🤖 AI Summary
Low-resource languages (LRLs) face dual challenges in spelling correction: severe data scarcity and inadequate model adaptation. This work presents the first systematic evaluation of diverse pretrained language models—including large language models (LLMs), encoder-only, and encoder-decoder architectures—on LRL spelling correction. We propose a hallucination-resistant, fine-grained evaluation framework and open-source LMSpell, a multilingual, model-agnostic spelling checker toolkit. Methodologically, we combine few-shot fine-tuning with linguistically informed prompt engineering, validating effectiveness even on zero-resource languages (e.g., Sinhala) without prior monolingual pretraining. Experiments demonstrate that LLMs substantially outperform conventional pretrained language models (PLMs), exhibiting strong cross-lingual generalization—even in truly zero-resource settings. This study bridges critical gaps in LRL spelling correction by enabling rigorous, model-agnostic comparative analysis and robust evaluation, thereby providing a reusable methodological framework and foundational infrastructure for low-resource NLP.
📝 Abstract
Spell correction is still a challenging problem for low-resource languages (LRLs).
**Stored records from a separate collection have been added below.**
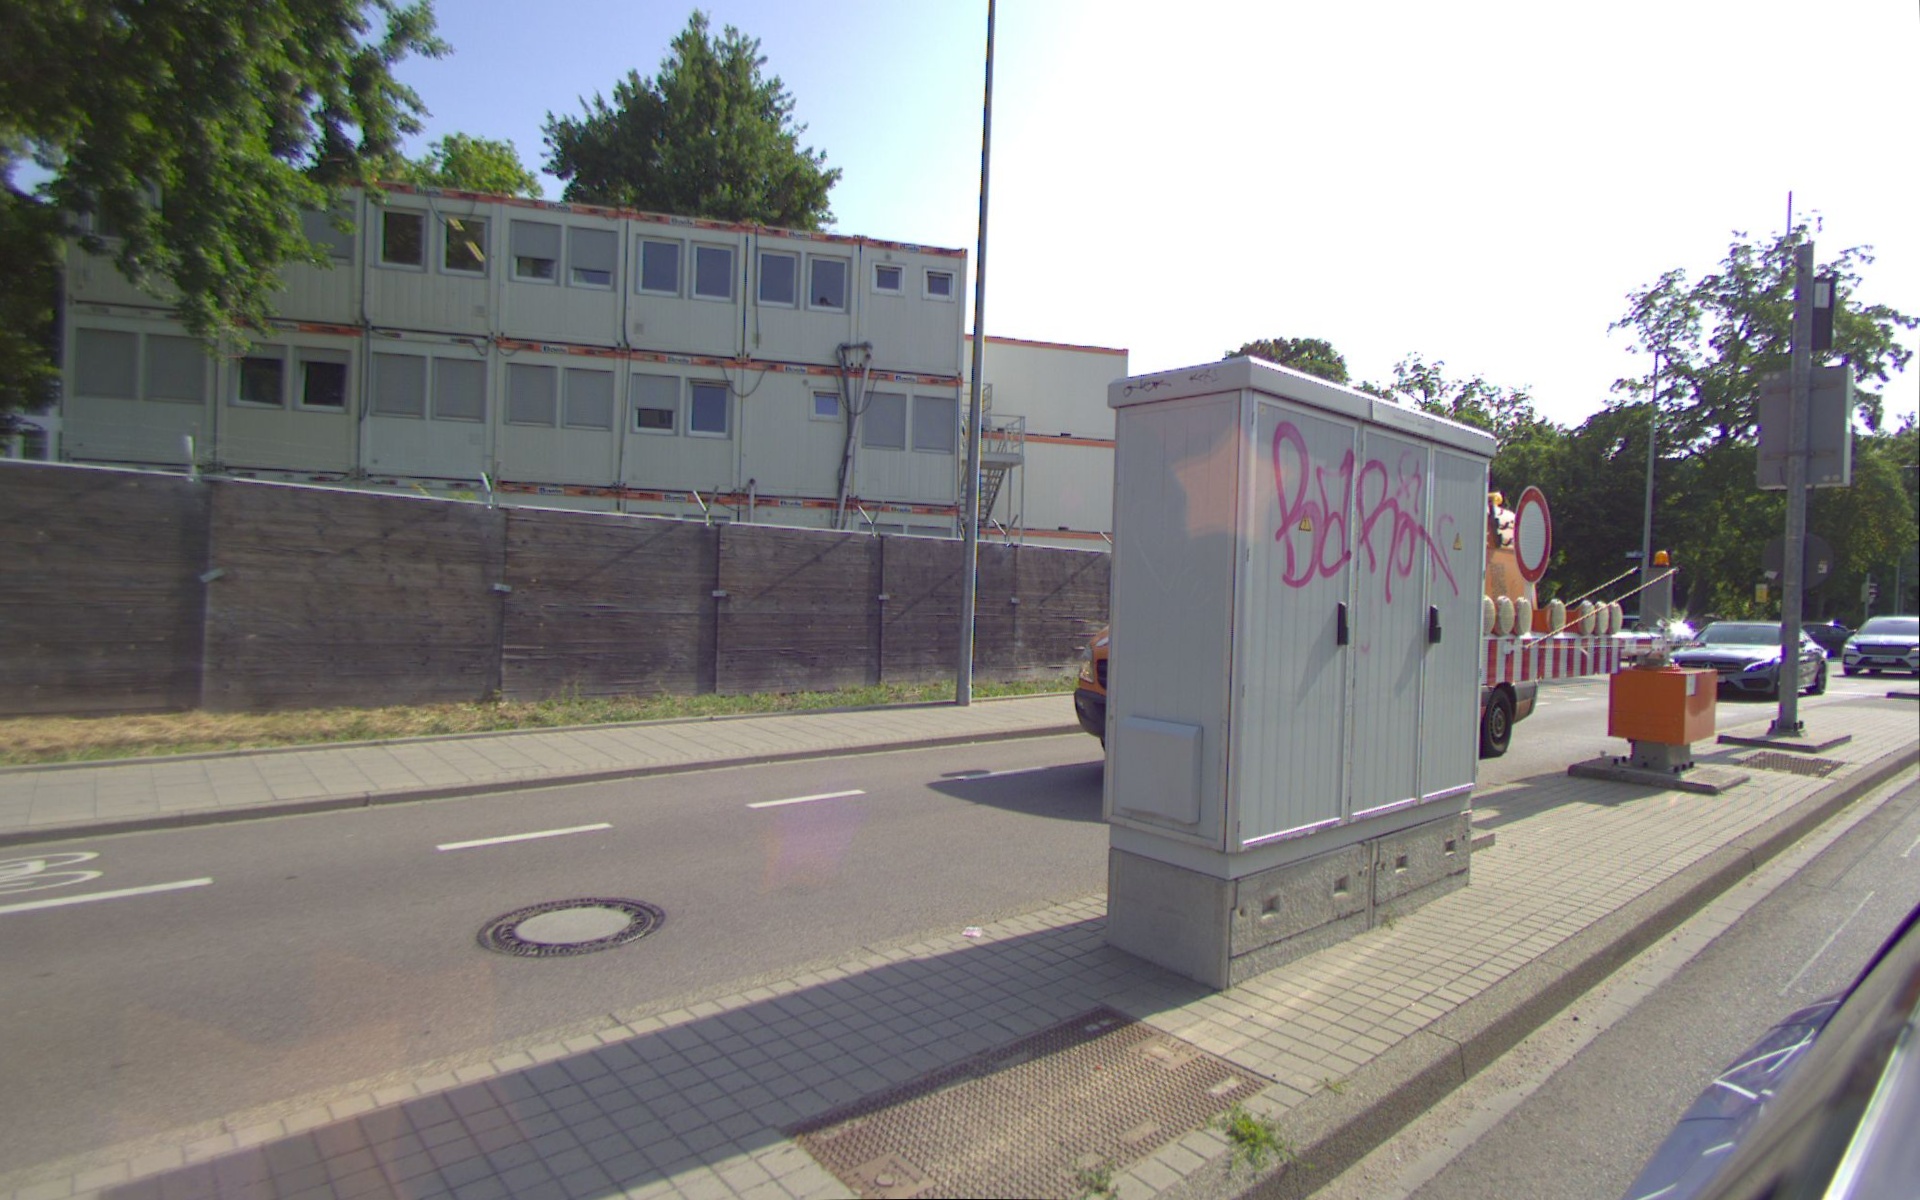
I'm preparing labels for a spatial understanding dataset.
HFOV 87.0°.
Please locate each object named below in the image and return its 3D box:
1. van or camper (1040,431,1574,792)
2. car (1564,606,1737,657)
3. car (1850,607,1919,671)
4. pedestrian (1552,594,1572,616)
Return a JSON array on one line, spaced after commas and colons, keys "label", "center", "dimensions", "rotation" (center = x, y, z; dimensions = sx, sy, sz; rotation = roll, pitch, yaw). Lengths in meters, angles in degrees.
[{"label": "van or camper", "center": [3.616, 0.114, 9.679], "dimensions": [5.951, 2.504, 1.990], "rotation": [1, -1, -39]}, {"label": "car", "center": [22.448, 0.987, 33.098], "dimensions": [1.958, 1.423, 4.291], "rotation": [1, 1, -22]}, {"label": "car", "center": [25.579, 1.009, 27.188], "dimensions": [4.174, 1.590, 1.896], "rotation": [1, 0, -40]}, {"label": "pedestrian", "center": [51.260, 0.422, 86.168], "dimensions": [1.048, 1.854, 0.987], "rotation": [1, 1, -10]}]

While pretrained language models (PLMs) have been employed for spell correction, their use is still limited to a handful of languages, and there has been no proper comparison across PLMs. We present the first empirical study on the effectiveness of PLMs for spell correction, which includes LRLs. We find that Large Language Models (LLMs) outperform their counterparts (encoder-based and encoder-decoder) when the fine-tuning dataset is large. This observation holds even in languages for which the LLM is not pre-trained. We release LMSpell, an easy- to use spell correction toolkit across PLMs. It includes an evaluation function that compensates for the hallucination of LLMs. Further, we present a case study with Sinhala to shed light on the plight of spell correction for LRLs.